[Records from a dataset]
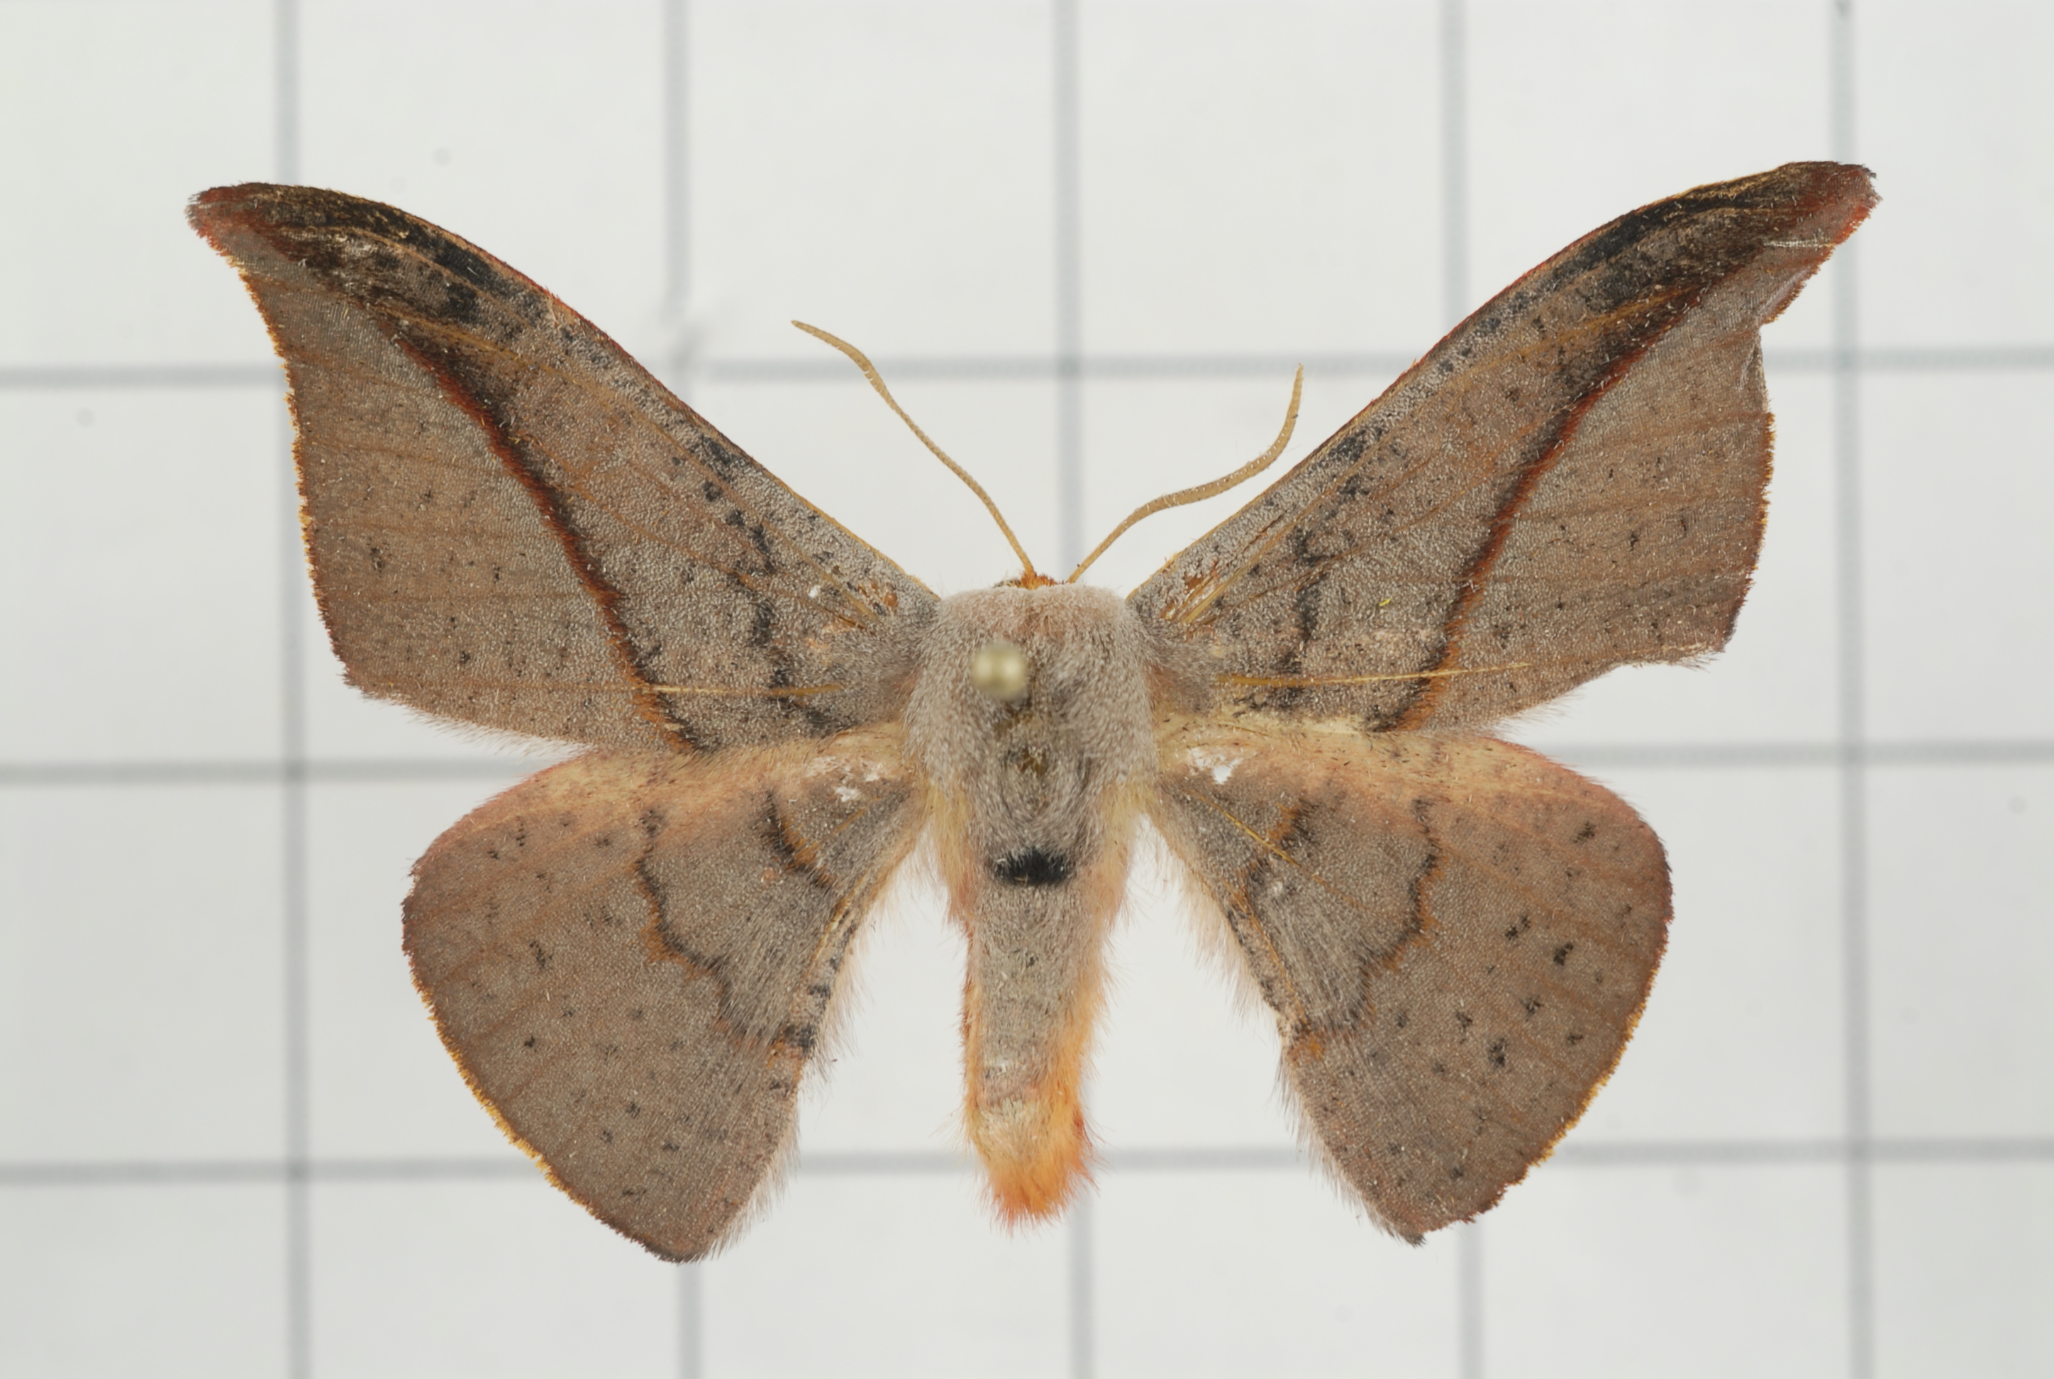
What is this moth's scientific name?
Oreta insignis
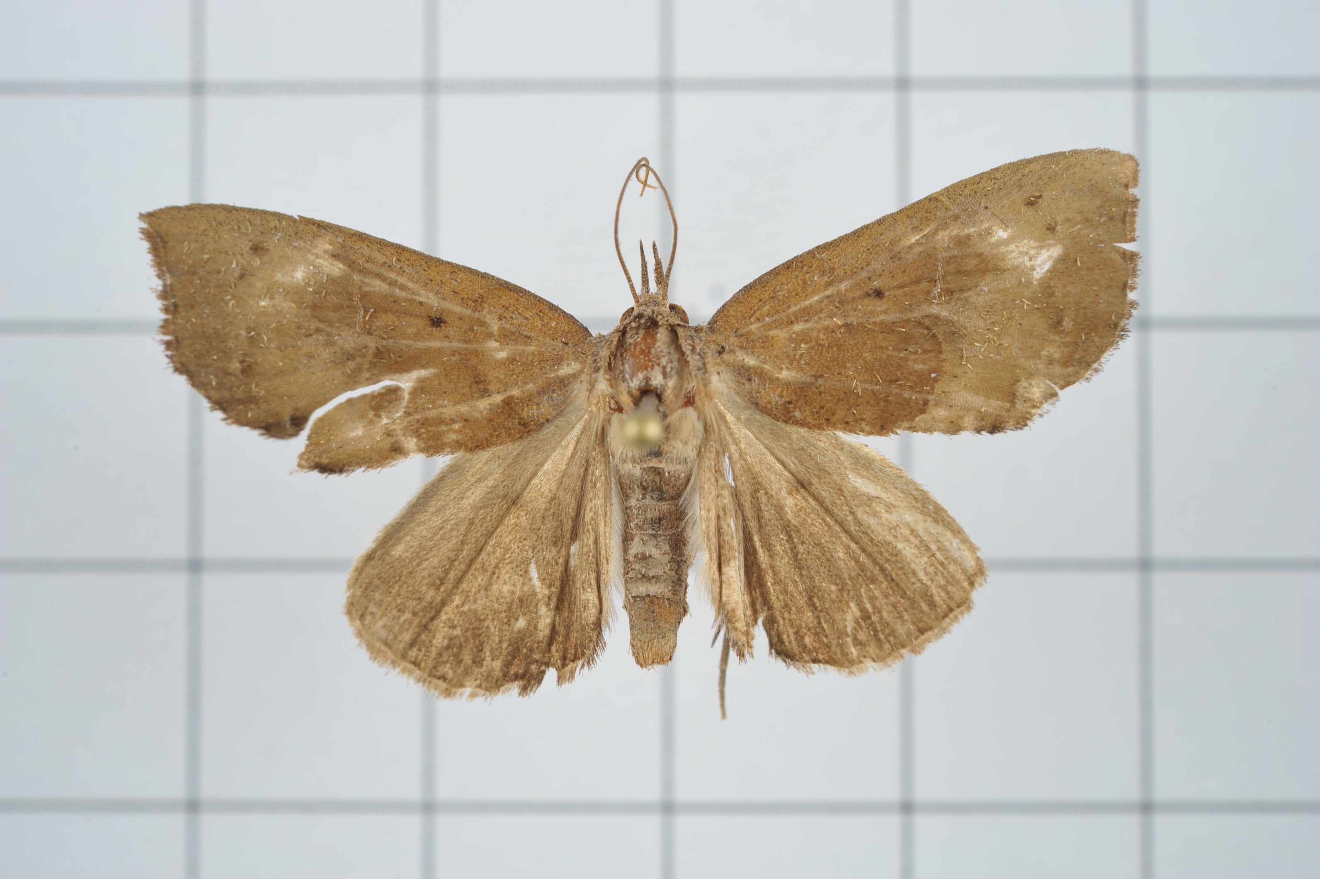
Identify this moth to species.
Hepatica indentalis
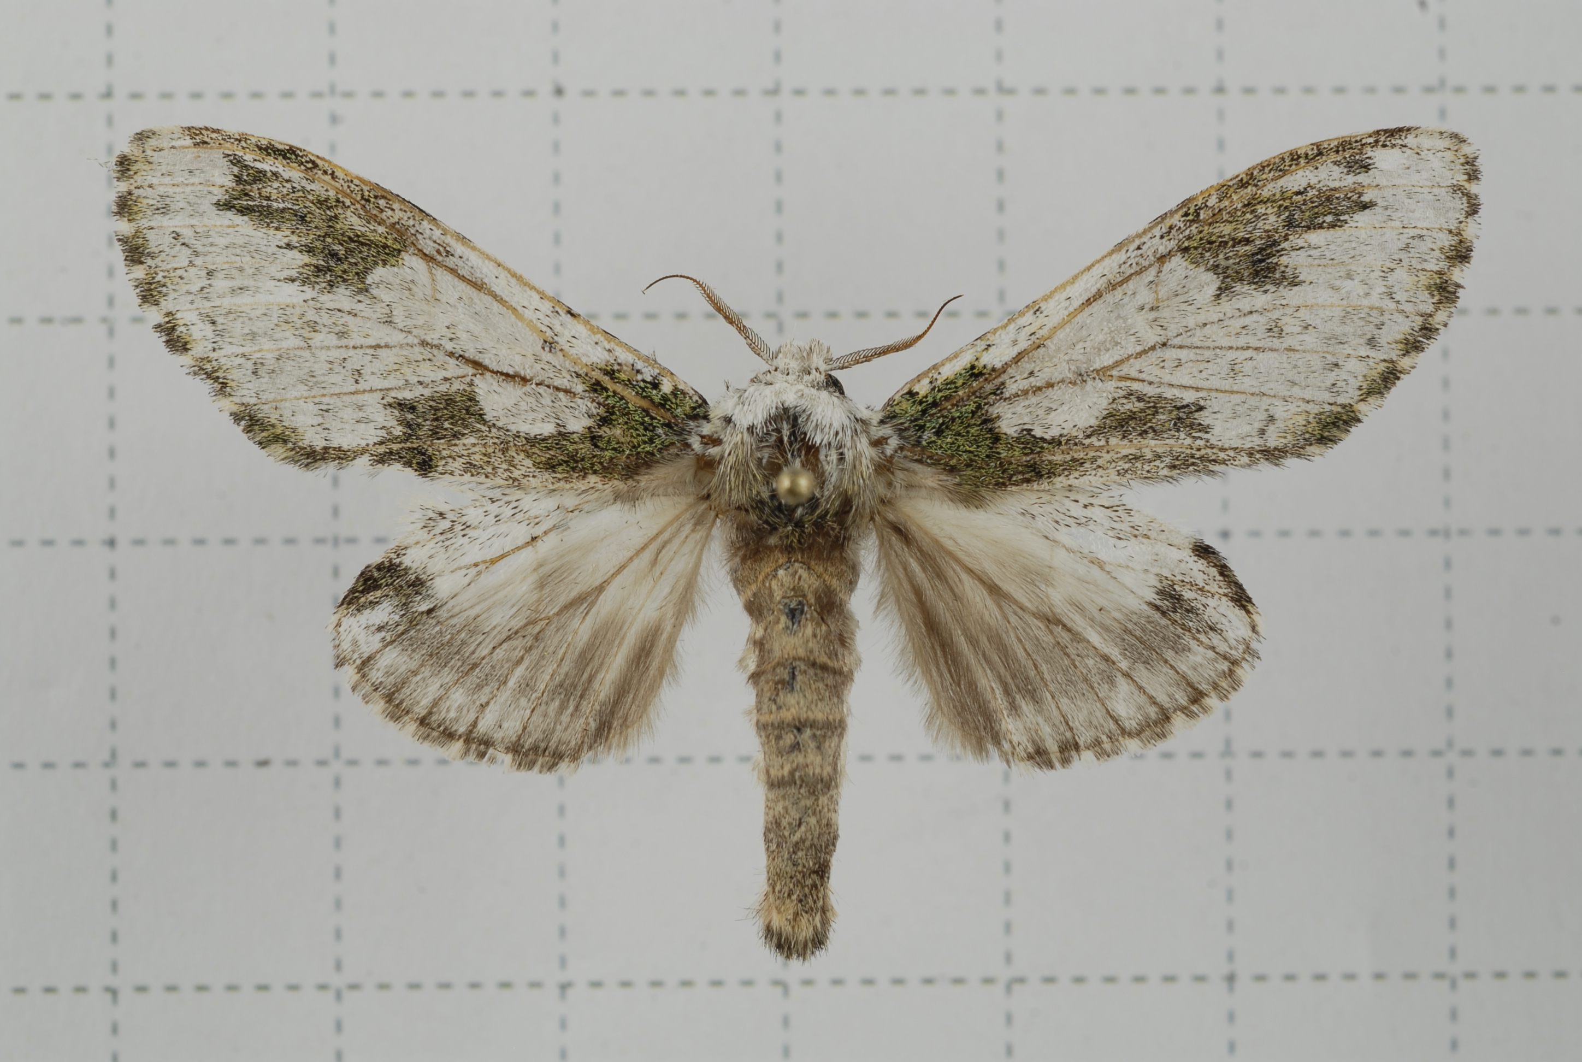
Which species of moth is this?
Syntypistis comatus

Work to complete :: Exclude every picture and copy the remaining data exactly.

Exercise solution ::
What is this moth's scientific name?
Oreta insignis
Identify this moth to species.
Hepatica indentalis
Which species of moth is this?
Syntypistis comatus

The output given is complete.